The records below need to be repeated exactly, with every picture left out.

Stored items from a collection:
____

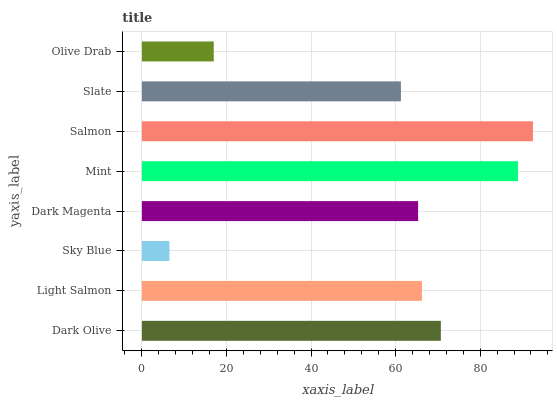Is Sky Blue the minimum?
Answer yes or no. Yes. Is Salmon the maximum?
Answer yes or no. Yes. Is Light Salmon the minimum?
Answer yes or no. No. Is Light Salmon the maximum?
Answer yes or no. No. Is Dark Olive greater than Light Salmon?
Answer yes or no. Yes. Is Light Salmon less than Dark Olive?
Answer yes or no. Yes. Is Light Salmon greater than Dark Olive?
Answer yes or no. No. Is Dark Olive less than Light Salmon?
Answer yes or no. No. Is Light Salmon the high median?
Answer yes or no. Yes. Is Dark Magenta the low median?
Answer yes or no. Yes. Is Dark Olive the high median?
Answer yes or no. No. Is Mint the low median?
Answer yes or no. No. 
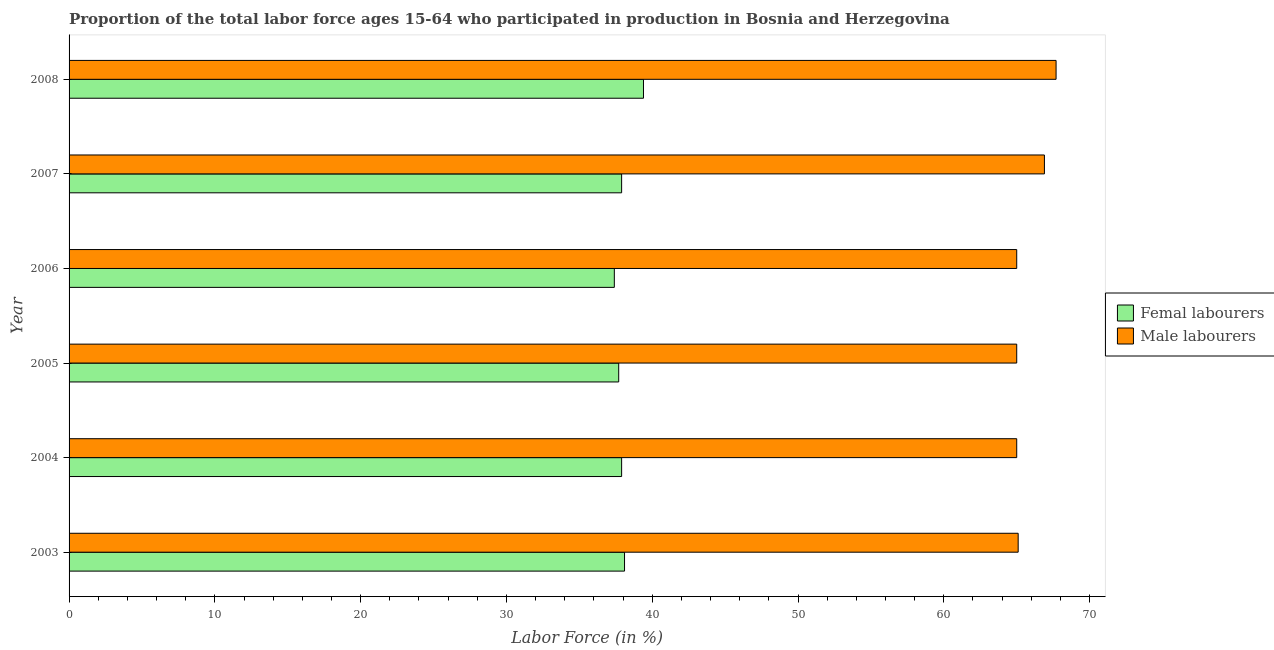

____

Response area -
Is Sky Blue the minimum?
Answer yes or no. Yes. Is Salmon the maximum?
Answer yes or no. Yes. Is Light Salmon the minimum?
Answer yes or no. No. Is Light Salmon the maximum?
Answer yes or no. No. Is Dark Olive greater than Light Salmon?
Answer yes or no. Yes. Is Light Salmon less than Dark Olive?
Answer yes or no. Yes. Is Light Salmon greater than Dark Olive?
Answer yes or no. No. Is Dark Olive less than Light Salmon?
Answer yes or no. No. Is Light Salmon the high median?
Answer yes or no. Yes. Is Dark Magenta the low median?
Answer yes or no. Yes. Is Dark Olive the high median?
Answer yes or no. No. Is Mint the low median?
Answer yes or no. No. 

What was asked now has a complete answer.